Он слегка повернулся, свободно отпустил вожжи и задумчиво, как будто не обращаясь к Лене и отдаваясь воспоминаниям, говорил своим выразительным, слегка растроганным голосом:
— Женщина, например, тетка, у меня была, безмужняя, вдова. Муж у ней, значит, помер, скончался. А ребят полна изба. Встанет, бывало, до свету божьего, — где еще зорька не теплится… А летняя-то зоря, сама знаешь, какая! Бьется, бедная, бьется с ребятами, а где же управиться… За другими-те и не поспеет.
— Куда не поспеет? — простодушно спросила Лена.
— А на барщину… Значит, на господ работали… Царь Александр Николаевич уничтожил. Вот хорошо: запоздает она, а уж нарядчик и заприметил… докладывает бурмистру… «Поч-чему такое? А?..» — Да я, ваше степенство, с ребятами. Неуправка у меня… — «Ла-адно, с ребятами. Становись. Эй, сюда двое!» И сейчас, милая ты моя барышня, откуль ни возьмись, два нарядчика. И сейчас им, нарядчикам, по палке в руки, по хар-рошей. Дать ей, говорит, десять… или, скажем, двадцать…
— Папочка, — раздался тихий голос, как будто искавший защиты.
Силуян оглянулся.
— Спит, не трог. Дело старое. Ну, хорошо — дать ей двадцать. Сейчас она, милая моя, стоит; один нарядчик с одной стороны, другой, например, по другую сторону и накладывают ей между спины наотмашь.
Он неторопливо поднял кнут и показал Лене кнутовище.
— Между спины-те рубцы вот в это кнутовище. Ну, ступай теперь, милая, становись в череду, работай, жни.
— Жни? — машинально повторила девушка и беспомощно оглянулась кругом. У дороги опять шептала рожь, и томительная печаль, нависшая над всем этим пейзажем, казалось, получала свой особенный смысл и значение… Эти поля видели это… Лена глубоко и тяжело вздохнула, как человек, который хочет проснуться от начинающегося кошмара.
Ямщик услышал вздох и, повернувшись, поглядел сочувственно на бледное лицо девушки. Ему захотелось ее утешить. А так как он был поэт, то чувствовал, что это в его власти.
— Постой, что я тебе скажу. Терпели православные, верно, что терпели. Так ведь господь-то батюшка, он-то ведь не терпел этой пакости! На немилостивых-те людей у него, барышня моя, есть сделанной ад-тартар…
Он взмахнул рукой, проваливал немилостивца в тартар, но лошади поняли иначе это движение, и пристяжка первая рванулась так нервно, что чуть не оборвала постромки. Тарантас дрогнул, в лицо девушки пахнул поднявшийся ветер, пробежавший над побледневшими полями.

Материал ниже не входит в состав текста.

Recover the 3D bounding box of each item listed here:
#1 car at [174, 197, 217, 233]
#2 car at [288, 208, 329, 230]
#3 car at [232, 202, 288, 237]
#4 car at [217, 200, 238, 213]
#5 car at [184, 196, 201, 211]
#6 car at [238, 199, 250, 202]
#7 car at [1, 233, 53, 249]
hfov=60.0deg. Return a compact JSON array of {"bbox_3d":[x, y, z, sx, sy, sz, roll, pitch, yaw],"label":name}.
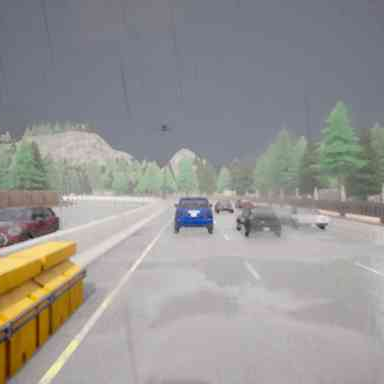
[{"bbox_3d":[0.097,1.282,20.066,2.150,2.045,5.566,0,0,0],"label":"car"},{"bbox_3d":[7.097,1.663,21.648,1.895,1.301,4.718,0,0,0],"label":"car"},{"bbox_3d":[3.597,1.559,18.512,1.837,1.490,4.892,0,0,0],"label":"car"},{"bbox_3d":[3.588,1.657,38.059,2.033,1.411,5.357,0,0,0],"label":"car"},{"bbox_3d":[0.047,1.475,42.832,2.097,1.767,4.553,0,0,-1],"label":"car"},{"bbox_3d":[6.981,1.656,45.368,1.812,1.442,4.674,0,0,-2],"label":"car"},{"bbox_3d":[-7.076,1.392,13.687,2.097,1.767,4.553,0,0,0],"label":"car"}]
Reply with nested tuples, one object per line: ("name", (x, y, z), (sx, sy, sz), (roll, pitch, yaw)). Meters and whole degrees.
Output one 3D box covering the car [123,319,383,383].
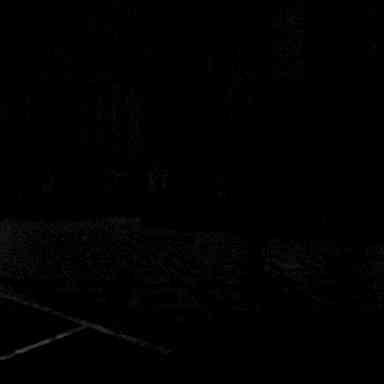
("car", (1.327, 1.566, 2.012), (4.313, 1.339, 1.947), (-1, 0, 36))
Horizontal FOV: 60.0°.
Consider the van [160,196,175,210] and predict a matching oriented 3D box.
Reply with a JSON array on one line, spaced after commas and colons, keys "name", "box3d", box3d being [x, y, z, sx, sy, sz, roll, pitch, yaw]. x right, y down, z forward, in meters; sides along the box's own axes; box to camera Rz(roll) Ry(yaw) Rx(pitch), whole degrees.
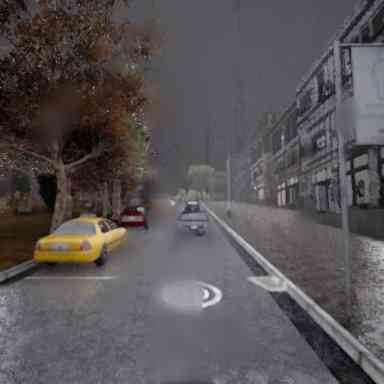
[{"name": "van", "box3d": [-3.677, 1.600, 50.965, 1.878, 1.987, 4.442, 0, 0, 2]}]

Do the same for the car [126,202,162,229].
[{"name": "car", "box3d": [-3.663, 1.678, 23.022, 2.163, 1.488, 4.792, 0, 0, 2]}]

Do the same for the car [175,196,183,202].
[{"name": "car", "box3d": [-3.708, 2.018, 95.379, 2.185, 1.767, 4.553, 0, 0, 2]}]

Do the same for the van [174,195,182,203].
[{"name": "van", "box3d": [-3.699, 1.878, 89.957, 1.878, 1.987, 4.442, 0, 0, 2]}]

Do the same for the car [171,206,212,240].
[{"name": "car", "box3d": [0.088, 1.680, 17.803, 2.033, 1.411, 5.357, 0, 0, 0]}]

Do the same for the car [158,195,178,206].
[{"name": "car", "box3d": [-3.677, 1.538, 45.307, 2.435, 2.045, 5.566, 0, 0, 2]}]

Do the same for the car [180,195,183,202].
[{"name": "car", "box3d": [-3.695, 1.855, 73.097, 2.185, 1.767, 4.553, 0, 0, 2]}]

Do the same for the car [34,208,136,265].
[{"name": "car", "box3d": [-3.651, 1.569, 12.037, 1.946, 1.575, 5.366, 0, 0, 2]}]

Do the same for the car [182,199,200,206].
[{"name": "car", "box3d": [0.078, 1.811, 41.515, 1.812, 1.442, 4.674, 0, 0, 0]}]

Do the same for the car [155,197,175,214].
[{"name": "car", "box3d": [-3.674, 1.754, 39.701, 2.097, 1.535, 5.008, 0, 0, 2]}]

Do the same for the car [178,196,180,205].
[{"name": "car", "box3d": [-3.677, 1.861, 56.602, 1.946, 1.575, 5.366, 0, 0, 2]}]

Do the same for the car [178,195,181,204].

— Гляди, потемнело, — сказал Силуян, — никак в самом деле дождь идти хочет к вечеру. Вишь, и солнца не стало, и все парит, ровно в печи… Ну, мил-лые… иди ровней! Раб-ботай…
Тарантас встряхнулся, заболтал колокольчик, лошадиные спины заскакали живее. Между тем на небе, казалось, действительно что-то надумано. На горизонте все потемнело, солнце низко купалось в тучах, красное, чуть видное, зенит угасал, и туманы взбирались все смелее и выше. Шептали березы, шуршали тощие хлеба, где-то в листве каркала одинокая ворона.
Девушка сидела задумчивая и побледневшая. Она не могла хорошо разобраться в своих ощущениях, но ее неудержимо тянуло к разговору. Силуян, как это тоже часто бывает у поэтов, почувствовал каким-то инстинктом, что он имеет успех: лицо у него стало уверенное и довольное. Он замедлил ход тройки и повернулся опять.
— Прокатил бы я тебя, милая барышня, — место ровное, да папашка-те у нас спит. Вишь, разомлел.
Он как-то оскорбительно фыркнул на спящего. Фигура и голос его показались Лене неприятными и наглыми. Но через короткое время она вспомнила, как была тронута его рассказом о похоронах матери, и ей захотелось вернуть это мелькнувшее впечатление.
— А что же она… тетушка твоя, господам не жаловалась?
Ямщик лукаво покачал головой.
— Да, вишь, они, господа-те, в етаже жили, высоко…
— В этаже?
— То-то в етаже. Людишки-те толкутся внизу, он и не видит… А может, и видит. Хитрые они тоже, господишки-те.
Он засмеялся, как показалось Лене, довольно противно, в бороду, и покачал головой в скверной шляпенке.
— Хит-рые? — переспросила девушка упавшим голосом.